The problem was identified and a fix prescribed (revert that part of Alex's patch) in Comment #8 and then Chris suggested we might use CPSI mode in Comment #9.  

If you're okay with that and others don't mind possibly breaking "max vm" tests and we don't want to use CPSI mode I'm fine with patches.  The log message should say something about why we changed the code from max long to 2G and why we are changing it back.  I think you might have missed reading Comment #8 and #9.  I catch myself missing comments too in these long bugs.
Comment 13 Ray Johnston 2016-03-10 08:05:44 UTC
As long as the CPSI mode check is only performed in ialloc_alloc_state where
gc_status->max_vm is initialized, then the CET tests that check for this
should be fine. I'd be concerned about putting CPSI mode (runtime) checks
in something like ireclaim, but we shouldn't need it.

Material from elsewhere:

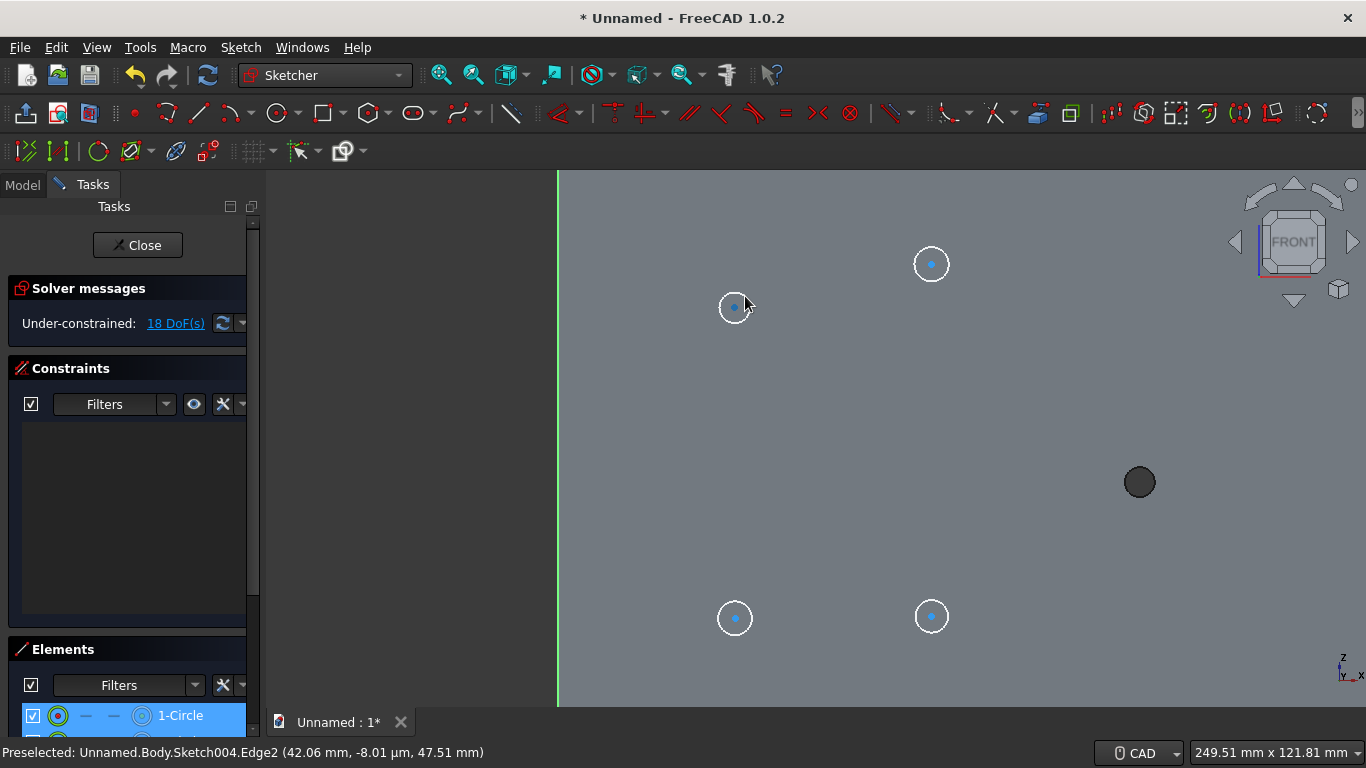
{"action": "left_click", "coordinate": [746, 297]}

Note that this is still only a work-around for 64-bit linux, but I'll add
the changes, and run a regression test and then commit the patch if it
passes regression, but leave the bug open since the customer may not be
using 64-bit.
Comment 14 Ray Johnston 2016-03-15 09:04:19 UTC
Created attachment 12388 [details]
Work-around patch

Patch suitable for git am

Increase limits for tile_clip_buffer and Max VM on 64-bit machines

These changes allow the file from bug 696257 to complete on 64-bit gcc
builds where a "long" is 64 bits. Also the MaxLocalVM and MaxGlobalVM
values returned in CPSI mode are truncated to return only the low 32
bits (CET 99-01.PS)
Comment 15 Peter Cherepanov 2020-12-30 02:59:20 UTC
As expected, 64-bit build runs to completion with maximum allocation of 2GB. 32-bit build fails with VMerror after allocating just 800M.